Dr. Fletcher said that as is the case elsewhere in the world, the Caribbean has gone through its own cycles of pain caused by natural disasters. He cited Hurricane Ivan in Grenada that wiped out over 200% of that nation’s GDP in 2004, as well as Hurricane Tomas in Saint Lucia in 2010 which wiped out over 50% of our GDP. He said close attention needs to be placed on the pattern as well as the efforts needed to build resilience.

“We also had the Christmas Eve trough in which six people died and millions of dollars’ worth of destruction,” Dr. Fletcher said. “So it’s very clear that our small island developing states are being visited by more extreme weather events and that we are constantly on a cycle of repair and recovery. We never ever recover and then we have to be repairing again.”

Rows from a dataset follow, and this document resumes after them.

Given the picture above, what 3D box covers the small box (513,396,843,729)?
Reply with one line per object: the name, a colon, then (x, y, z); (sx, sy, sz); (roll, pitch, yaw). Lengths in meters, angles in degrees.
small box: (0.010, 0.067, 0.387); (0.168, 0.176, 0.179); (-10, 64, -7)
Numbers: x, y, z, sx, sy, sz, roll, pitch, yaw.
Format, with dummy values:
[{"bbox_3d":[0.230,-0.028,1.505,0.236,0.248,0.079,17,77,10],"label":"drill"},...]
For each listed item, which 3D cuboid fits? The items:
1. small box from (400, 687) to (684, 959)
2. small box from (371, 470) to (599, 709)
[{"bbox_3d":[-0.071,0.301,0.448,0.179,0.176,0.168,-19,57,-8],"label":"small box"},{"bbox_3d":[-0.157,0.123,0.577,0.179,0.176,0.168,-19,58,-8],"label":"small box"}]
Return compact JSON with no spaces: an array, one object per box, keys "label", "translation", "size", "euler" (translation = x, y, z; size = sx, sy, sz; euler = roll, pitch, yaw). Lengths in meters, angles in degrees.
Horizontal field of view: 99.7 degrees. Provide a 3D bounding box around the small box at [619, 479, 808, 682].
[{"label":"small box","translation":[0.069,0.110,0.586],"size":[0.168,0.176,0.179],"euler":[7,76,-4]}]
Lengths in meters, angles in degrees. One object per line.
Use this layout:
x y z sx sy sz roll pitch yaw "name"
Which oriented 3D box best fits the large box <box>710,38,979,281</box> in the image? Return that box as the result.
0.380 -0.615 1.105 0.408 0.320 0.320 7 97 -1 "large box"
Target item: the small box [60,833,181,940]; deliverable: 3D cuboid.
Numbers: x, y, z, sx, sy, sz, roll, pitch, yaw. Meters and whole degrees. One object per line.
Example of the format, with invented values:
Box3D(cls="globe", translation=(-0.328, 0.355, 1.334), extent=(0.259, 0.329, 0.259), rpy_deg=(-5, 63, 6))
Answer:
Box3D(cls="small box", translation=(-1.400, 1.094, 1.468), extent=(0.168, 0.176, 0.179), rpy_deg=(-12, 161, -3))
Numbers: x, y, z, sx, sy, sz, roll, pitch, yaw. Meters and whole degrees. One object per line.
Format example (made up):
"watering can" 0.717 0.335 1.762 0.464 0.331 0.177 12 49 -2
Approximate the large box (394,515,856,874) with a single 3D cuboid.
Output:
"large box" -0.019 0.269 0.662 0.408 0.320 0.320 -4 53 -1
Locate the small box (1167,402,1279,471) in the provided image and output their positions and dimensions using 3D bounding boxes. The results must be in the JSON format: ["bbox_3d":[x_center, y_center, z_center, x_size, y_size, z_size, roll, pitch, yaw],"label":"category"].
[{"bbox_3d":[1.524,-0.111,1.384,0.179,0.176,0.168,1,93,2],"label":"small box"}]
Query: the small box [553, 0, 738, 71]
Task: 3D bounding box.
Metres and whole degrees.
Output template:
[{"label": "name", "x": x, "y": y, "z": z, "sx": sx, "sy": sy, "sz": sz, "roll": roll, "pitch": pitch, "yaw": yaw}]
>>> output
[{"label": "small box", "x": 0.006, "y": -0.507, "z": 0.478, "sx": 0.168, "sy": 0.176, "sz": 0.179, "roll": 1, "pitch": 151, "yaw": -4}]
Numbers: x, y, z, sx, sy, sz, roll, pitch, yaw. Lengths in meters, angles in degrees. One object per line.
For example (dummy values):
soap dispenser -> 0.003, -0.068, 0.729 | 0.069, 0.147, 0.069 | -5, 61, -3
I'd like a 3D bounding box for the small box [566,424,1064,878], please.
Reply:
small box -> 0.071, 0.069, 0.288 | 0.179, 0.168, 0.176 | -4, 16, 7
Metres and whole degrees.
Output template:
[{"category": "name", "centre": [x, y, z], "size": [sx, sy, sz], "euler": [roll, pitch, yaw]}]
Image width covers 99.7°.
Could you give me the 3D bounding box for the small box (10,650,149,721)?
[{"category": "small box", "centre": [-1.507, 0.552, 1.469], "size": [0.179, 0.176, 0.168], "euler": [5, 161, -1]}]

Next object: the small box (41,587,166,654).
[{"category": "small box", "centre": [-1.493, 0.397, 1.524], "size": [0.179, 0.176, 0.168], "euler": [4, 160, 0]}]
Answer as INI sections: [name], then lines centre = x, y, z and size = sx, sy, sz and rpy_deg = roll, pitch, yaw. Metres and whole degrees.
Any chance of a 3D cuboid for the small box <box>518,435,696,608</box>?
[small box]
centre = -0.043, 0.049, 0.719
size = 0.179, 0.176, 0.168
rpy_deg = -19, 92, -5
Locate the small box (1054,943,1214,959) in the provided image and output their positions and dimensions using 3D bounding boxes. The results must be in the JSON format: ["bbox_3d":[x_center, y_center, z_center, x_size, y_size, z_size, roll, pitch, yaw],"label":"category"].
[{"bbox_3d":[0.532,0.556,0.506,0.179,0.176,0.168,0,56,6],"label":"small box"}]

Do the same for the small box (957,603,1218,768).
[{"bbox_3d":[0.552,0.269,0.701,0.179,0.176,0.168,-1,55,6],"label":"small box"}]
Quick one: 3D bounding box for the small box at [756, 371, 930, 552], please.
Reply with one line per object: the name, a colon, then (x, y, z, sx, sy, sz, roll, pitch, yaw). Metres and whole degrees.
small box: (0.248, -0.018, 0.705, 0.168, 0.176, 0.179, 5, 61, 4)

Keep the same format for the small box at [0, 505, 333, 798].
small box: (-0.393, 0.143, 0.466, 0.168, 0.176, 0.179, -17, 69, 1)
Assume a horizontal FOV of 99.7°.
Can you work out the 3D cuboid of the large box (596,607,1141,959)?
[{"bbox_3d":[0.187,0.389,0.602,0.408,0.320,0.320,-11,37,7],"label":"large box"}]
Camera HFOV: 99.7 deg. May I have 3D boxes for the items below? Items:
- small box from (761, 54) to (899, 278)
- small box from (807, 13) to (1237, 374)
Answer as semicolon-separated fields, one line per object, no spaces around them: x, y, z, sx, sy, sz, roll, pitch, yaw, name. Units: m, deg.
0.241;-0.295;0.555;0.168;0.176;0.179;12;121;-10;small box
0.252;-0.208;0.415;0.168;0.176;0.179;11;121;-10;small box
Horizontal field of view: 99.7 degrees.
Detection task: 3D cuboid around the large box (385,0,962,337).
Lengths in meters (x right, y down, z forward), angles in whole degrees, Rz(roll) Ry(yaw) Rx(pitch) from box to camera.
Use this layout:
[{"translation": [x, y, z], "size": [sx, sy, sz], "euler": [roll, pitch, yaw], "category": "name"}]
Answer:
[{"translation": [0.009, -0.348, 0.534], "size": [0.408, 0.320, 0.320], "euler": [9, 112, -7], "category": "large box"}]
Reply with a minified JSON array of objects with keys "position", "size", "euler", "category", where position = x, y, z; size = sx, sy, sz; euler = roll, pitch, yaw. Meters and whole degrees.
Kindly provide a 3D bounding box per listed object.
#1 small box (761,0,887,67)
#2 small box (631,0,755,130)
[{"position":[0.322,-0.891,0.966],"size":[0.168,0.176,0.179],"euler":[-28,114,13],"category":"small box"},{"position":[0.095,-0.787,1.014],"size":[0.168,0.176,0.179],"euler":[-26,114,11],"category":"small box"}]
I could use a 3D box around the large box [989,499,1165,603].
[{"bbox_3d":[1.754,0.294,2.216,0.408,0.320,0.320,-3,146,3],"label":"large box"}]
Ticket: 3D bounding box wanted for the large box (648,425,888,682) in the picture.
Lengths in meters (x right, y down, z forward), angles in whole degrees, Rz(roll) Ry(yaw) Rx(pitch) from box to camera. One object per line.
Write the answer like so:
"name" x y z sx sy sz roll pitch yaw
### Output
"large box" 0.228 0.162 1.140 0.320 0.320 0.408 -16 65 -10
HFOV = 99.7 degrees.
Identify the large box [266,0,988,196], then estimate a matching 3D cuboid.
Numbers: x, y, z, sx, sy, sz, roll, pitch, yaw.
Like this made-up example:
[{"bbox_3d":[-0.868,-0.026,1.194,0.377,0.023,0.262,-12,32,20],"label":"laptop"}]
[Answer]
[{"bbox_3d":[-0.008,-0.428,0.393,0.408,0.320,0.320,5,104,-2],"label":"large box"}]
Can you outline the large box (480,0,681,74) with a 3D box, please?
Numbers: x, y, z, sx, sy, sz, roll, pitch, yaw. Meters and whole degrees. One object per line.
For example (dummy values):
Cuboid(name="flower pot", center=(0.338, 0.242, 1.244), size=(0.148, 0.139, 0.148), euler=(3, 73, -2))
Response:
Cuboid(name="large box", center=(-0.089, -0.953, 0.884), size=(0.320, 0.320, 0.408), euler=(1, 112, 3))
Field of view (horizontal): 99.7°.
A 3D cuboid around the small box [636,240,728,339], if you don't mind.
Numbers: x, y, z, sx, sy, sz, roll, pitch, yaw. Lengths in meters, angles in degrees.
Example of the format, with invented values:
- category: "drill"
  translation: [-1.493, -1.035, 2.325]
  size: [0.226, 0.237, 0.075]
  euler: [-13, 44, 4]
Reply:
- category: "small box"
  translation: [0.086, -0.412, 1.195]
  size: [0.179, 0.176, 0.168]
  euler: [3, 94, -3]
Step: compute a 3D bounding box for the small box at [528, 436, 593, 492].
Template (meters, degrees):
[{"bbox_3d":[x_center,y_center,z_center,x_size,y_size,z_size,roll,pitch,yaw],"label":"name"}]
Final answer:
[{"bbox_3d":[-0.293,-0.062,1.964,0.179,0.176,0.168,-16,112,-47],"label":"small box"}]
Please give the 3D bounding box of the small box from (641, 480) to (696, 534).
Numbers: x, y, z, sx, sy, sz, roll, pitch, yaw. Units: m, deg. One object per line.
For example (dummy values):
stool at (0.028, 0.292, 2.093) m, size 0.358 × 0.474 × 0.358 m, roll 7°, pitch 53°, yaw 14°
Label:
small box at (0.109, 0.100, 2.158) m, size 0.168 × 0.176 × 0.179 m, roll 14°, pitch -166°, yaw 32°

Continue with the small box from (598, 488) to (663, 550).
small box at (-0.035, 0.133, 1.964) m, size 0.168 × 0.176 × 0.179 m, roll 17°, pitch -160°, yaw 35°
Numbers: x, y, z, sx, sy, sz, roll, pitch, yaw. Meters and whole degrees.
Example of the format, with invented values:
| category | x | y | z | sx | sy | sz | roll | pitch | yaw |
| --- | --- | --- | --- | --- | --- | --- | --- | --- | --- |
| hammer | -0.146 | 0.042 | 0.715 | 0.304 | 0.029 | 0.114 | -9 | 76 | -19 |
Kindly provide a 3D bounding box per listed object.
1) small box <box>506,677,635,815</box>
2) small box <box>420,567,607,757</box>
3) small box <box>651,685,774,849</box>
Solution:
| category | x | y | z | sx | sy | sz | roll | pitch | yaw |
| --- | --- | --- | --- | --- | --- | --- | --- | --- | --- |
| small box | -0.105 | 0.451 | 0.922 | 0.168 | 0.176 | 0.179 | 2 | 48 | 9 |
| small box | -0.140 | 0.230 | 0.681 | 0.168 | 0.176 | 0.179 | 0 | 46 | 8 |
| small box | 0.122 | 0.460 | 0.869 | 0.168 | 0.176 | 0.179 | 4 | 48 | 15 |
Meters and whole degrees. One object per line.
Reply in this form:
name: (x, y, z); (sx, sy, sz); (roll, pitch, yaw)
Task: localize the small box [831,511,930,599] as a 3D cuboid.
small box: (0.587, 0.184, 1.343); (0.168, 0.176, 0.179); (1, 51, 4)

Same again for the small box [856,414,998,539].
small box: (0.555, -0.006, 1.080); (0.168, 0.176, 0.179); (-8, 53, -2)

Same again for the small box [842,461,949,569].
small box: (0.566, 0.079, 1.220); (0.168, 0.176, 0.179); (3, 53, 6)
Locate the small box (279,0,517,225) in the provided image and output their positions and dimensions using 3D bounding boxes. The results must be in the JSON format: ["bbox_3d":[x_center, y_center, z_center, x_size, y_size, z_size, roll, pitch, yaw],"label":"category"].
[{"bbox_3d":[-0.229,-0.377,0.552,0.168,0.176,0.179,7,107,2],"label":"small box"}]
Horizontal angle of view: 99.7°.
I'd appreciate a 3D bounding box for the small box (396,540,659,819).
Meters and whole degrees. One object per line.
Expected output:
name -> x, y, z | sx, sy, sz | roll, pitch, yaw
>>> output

Dr. Fletcher said the warnings remain very clear, adding that “it’s up to us to heed them”. However, he challenged the developed world to provide the kind of support needed since SIDs cannot do it all on their own.

“The magnitude of the response that is required and the magnitude of the interventions that are required to develop resilience are beyond the capacities of our respective budgets,” Dr. Fletcher said. “So we need the assistance of the developed world to help us get through this.”

The Minister said the data collected from the discussions will inform all involved in identifying where areas of resilience need to be developed, including how homes need to be built. He said places that are flood-prone today did not suffer from the current amount of flooding and damages prior to the deforestation that made way for agricultural and residential purposes. Dr. Fletcher said a 1 in 50- or 100-year event is now becoming more frequent as 1 in 10-year events.

“So I think this allows us to make better use of that information so that we can plan, for example, how we build, as well as give us some early warning systems that we can put in place so we can see when levels in our rivers are rising to the point where we believe they may be flooding so we can evacuate people. We cannot cut down on the occurrence of tropical storms but we can prepare for them and develop greater resilience,” the minister explained.

Stan Bishop began his career in journalism in March 2008 writing freelance for The VOICE newspaper for six weeks before being hired as a part-time journalist there when one of the company’s journalists was overseas on assignment.

Although he was initially told that the job would last only two weeks, he was able to demonstrate such high quality work that the company offered him a permanent job before that fortnight was over. Read full bio...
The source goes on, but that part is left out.